If you were on Apple's board and suggested that, I'd fire your ass so fast you wouldn't even have time to see it coming. Apple HAS NO CHOICE but to deal with this very harshly or everyone and their dog will consider it open season on Apple's intellectual property. The HAVE to.

You'd 'fire [my] ass' if I were on your board!?

Who'd be you? SJ?

Don't know much about how a modern corporation functions today, do you? (Hint: you should probably have thought about it before you put me on the board).
post #119 of 250
Quote:
Originally Posted by anonymouse View Post

I don't think there will be any long term damage to Apple's reputation from pursuing this, and I think the long term benefits outweigh the cost by sending a message that you can't just do this and expect there to not be consequences. Not pursuing it would send the opposite message -- i.e., that Apple is fair game and you can get away with anything. The media will end up looking self-serving, to their own detriment. And I think most people -- the ones who don't visit AI -- will likely see the very real difference between "reporters" engaging in industrial espionage, where there is no compelling public interest served, and reporters investigating issues like public corruption.
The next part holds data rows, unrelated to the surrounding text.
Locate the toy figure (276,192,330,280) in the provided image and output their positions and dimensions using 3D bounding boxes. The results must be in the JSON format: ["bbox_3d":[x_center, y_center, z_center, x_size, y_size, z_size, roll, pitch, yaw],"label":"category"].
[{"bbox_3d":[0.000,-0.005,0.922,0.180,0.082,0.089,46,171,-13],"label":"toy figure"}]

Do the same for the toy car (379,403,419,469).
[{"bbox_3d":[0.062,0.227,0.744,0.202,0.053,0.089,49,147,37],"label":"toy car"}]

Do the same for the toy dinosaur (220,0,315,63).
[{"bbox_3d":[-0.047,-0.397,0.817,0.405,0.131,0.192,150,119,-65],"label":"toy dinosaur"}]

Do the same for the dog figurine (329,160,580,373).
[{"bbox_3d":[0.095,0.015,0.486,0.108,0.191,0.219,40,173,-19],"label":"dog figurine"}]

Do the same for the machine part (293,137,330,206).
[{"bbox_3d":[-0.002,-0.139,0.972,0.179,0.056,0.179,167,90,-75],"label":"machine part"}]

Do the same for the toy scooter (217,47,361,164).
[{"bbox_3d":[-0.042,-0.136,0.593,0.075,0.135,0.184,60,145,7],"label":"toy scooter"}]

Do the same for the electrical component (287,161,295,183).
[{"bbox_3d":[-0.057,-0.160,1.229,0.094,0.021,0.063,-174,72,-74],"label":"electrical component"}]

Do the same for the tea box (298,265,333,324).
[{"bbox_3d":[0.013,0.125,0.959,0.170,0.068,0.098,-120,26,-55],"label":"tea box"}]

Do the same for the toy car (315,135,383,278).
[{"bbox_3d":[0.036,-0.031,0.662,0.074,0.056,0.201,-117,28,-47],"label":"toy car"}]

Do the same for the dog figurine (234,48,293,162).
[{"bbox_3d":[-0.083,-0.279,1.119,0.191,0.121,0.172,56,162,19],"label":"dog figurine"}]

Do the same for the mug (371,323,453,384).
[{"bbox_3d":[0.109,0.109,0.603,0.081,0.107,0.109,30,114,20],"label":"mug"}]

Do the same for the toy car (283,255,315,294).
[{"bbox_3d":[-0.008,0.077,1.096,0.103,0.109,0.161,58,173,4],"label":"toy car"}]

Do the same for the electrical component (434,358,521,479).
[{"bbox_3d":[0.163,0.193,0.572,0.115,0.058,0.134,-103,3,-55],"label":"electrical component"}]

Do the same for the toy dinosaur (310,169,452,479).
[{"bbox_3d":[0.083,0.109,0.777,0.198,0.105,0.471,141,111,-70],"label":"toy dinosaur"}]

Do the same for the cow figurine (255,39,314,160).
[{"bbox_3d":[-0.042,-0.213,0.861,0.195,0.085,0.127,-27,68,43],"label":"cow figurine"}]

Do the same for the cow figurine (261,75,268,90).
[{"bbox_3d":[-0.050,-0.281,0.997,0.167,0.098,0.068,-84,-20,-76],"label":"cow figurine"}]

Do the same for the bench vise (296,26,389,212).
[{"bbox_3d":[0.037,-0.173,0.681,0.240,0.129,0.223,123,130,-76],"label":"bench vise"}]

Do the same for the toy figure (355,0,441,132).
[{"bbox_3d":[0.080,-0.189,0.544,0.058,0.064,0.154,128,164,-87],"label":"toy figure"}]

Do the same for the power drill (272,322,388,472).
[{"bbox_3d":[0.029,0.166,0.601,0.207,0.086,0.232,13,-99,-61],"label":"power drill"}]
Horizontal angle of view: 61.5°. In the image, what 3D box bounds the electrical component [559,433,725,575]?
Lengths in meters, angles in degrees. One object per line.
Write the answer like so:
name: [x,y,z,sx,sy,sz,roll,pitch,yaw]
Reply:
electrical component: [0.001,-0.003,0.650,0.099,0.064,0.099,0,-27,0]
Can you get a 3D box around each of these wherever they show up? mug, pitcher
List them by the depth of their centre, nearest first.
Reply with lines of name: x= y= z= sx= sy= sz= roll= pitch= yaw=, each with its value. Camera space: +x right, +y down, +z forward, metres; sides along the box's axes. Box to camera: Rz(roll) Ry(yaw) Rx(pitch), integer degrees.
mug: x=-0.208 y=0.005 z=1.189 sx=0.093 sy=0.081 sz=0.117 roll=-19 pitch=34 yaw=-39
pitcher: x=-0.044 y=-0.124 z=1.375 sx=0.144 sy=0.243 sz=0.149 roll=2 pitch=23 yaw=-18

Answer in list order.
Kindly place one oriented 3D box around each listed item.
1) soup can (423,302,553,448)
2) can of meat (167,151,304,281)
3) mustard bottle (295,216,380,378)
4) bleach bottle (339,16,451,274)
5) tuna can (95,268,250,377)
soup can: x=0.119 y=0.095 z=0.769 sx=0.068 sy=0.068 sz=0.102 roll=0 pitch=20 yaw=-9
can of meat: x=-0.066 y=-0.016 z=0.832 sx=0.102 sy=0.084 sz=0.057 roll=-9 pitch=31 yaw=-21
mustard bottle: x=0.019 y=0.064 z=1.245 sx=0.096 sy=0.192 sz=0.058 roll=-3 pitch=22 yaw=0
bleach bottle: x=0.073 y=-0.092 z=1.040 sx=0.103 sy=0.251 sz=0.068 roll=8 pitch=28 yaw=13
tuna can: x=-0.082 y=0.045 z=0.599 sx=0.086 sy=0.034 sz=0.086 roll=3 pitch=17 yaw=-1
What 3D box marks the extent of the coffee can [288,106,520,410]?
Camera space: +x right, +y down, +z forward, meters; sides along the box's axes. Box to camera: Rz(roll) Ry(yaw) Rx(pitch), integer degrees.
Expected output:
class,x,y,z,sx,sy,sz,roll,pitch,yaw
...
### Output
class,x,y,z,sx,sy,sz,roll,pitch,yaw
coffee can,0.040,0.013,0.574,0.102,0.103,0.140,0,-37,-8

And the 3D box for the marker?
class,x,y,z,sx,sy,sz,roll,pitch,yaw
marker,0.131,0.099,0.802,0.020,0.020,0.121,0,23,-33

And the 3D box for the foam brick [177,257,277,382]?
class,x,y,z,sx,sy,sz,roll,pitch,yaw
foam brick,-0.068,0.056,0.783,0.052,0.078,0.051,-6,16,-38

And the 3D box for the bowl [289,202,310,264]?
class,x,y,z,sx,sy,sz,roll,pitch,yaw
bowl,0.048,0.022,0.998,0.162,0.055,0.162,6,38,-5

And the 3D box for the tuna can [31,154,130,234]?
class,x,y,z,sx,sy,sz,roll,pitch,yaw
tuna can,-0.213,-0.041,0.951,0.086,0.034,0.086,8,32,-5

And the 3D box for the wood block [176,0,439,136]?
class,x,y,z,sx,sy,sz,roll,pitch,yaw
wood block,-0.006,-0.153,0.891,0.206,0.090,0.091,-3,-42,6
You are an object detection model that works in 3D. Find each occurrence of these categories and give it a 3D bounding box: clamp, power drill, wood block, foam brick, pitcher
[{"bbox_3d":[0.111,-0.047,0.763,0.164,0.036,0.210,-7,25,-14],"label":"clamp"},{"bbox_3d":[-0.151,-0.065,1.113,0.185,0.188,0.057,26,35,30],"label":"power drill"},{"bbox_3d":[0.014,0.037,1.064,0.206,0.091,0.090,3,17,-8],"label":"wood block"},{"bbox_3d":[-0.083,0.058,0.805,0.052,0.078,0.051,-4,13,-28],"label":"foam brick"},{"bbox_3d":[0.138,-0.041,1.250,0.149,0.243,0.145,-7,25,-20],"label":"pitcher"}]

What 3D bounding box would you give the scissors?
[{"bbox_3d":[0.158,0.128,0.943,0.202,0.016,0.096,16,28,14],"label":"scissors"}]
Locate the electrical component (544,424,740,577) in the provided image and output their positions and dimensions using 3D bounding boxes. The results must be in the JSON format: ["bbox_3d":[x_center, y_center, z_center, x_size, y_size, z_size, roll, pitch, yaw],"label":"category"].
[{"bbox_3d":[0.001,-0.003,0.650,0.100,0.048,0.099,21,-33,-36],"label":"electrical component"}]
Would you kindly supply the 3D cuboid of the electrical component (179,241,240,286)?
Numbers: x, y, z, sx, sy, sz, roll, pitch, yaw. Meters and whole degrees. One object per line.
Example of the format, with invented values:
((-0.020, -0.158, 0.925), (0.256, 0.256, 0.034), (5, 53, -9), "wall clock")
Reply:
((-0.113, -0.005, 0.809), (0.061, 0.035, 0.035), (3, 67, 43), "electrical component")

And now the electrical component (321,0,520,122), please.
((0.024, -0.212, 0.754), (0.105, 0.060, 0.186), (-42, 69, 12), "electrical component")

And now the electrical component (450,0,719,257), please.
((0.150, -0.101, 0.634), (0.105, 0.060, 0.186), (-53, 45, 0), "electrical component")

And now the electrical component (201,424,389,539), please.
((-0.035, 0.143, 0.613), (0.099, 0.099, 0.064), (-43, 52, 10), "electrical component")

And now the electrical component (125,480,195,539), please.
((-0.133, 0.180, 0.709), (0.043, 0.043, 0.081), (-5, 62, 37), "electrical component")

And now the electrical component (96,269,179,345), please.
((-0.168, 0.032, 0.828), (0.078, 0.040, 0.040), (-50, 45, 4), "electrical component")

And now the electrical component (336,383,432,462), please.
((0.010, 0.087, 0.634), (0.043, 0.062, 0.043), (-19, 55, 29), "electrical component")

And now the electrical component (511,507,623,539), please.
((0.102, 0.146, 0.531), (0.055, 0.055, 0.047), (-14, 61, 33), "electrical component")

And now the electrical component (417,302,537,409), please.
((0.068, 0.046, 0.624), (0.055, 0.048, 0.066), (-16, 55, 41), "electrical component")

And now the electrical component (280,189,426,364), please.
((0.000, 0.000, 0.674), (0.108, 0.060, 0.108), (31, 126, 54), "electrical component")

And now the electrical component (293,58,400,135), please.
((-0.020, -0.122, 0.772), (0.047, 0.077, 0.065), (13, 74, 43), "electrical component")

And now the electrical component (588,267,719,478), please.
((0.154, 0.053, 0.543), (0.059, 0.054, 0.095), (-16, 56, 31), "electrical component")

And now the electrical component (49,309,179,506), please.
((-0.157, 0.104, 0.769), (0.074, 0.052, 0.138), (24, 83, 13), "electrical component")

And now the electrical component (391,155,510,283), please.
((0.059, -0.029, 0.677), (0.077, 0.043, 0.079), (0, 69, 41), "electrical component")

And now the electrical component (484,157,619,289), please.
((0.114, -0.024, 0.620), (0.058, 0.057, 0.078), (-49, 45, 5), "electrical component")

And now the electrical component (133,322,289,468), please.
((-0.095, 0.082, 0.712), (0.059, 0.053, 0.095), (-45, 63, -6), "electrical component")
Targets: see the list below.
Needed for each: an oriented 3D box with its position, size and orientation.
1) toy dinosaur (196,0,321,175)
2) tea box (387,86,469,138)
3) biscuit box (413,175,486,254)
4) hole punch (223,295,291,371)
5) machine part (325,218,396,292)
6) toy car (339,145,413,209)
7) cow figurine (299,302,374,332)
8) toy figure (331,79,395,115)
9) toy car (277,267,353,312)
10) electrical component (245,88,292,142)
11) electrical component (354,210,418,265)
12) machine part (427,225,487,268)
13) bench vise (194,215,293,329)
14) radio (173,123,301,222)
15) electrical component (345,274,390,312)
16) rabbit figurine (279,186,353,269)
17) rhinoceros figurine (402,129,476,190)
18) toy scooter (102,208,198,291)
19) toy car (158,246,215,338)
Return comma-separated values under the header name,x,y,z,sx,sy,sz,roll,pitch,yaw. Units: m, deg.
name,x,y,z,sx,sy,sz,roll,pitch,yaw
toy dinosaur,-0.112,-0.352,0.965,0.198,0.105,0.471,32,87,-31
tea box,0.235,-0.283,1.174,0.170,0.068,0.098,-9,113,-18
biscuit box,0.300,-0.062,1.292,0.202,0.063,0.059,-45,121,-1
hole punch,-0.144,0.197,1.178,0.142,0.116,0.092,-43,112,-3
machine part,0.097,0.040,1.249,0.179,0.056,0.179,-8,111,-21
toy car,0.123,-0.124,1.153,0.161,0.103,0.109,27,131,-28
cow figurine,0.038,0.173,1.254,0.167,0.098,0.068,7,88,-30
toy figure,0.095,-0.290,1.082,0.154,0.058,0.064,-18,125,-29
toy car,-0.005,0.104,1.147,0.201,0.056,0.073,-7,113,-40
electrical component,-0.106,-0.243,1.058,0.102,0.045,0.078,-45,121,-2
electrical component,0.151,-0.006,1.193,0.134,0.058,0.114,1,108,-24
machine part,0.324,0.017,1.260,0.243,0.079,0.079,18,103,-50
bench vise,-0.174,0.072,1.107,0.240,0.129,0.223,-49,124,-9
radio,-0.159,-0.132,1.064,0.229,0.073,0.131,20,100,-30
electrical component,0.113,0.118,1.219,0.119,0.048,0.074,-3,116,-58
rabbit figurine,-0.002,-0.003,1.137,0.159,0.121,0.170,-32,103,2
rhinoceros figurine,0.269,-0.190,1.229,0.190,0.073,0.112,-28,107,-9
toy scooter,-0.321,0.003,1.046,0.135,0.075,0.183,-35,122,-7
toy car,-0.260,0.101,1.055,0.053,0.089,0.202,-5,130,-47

These are very thoughtful points. I agree that Apple is in a bit of a bind here: to do nothing would create it's own issues, as would doing something.

I am simply coming out on one side of this, suggesting that in the long run, this amounts to a hill of beans, and that Apple has the opportunity to take the high road here.
post #120 of 250
Quote:
Originally Posted by anantksundaram View Post

You'd 'fire [my] ass' if I were on your board!?

Who'd be you? SJ?

Don't know much about how a modern corporation functions today, do you? (Hint: you should probably have thought about it before you put me on the board).

Hey I don't like everything that Apple does, especially lately. They are getting a bit heavy-handed. That said, they absolutely have no choice on this one. If they let this kind of stuff slide it will happen all of the time.

Their engineer screwed up (it appears). But it was an honest mistake. Hogan, his buddy and Gizmodo's actions were anything but. They're in deep sh*t.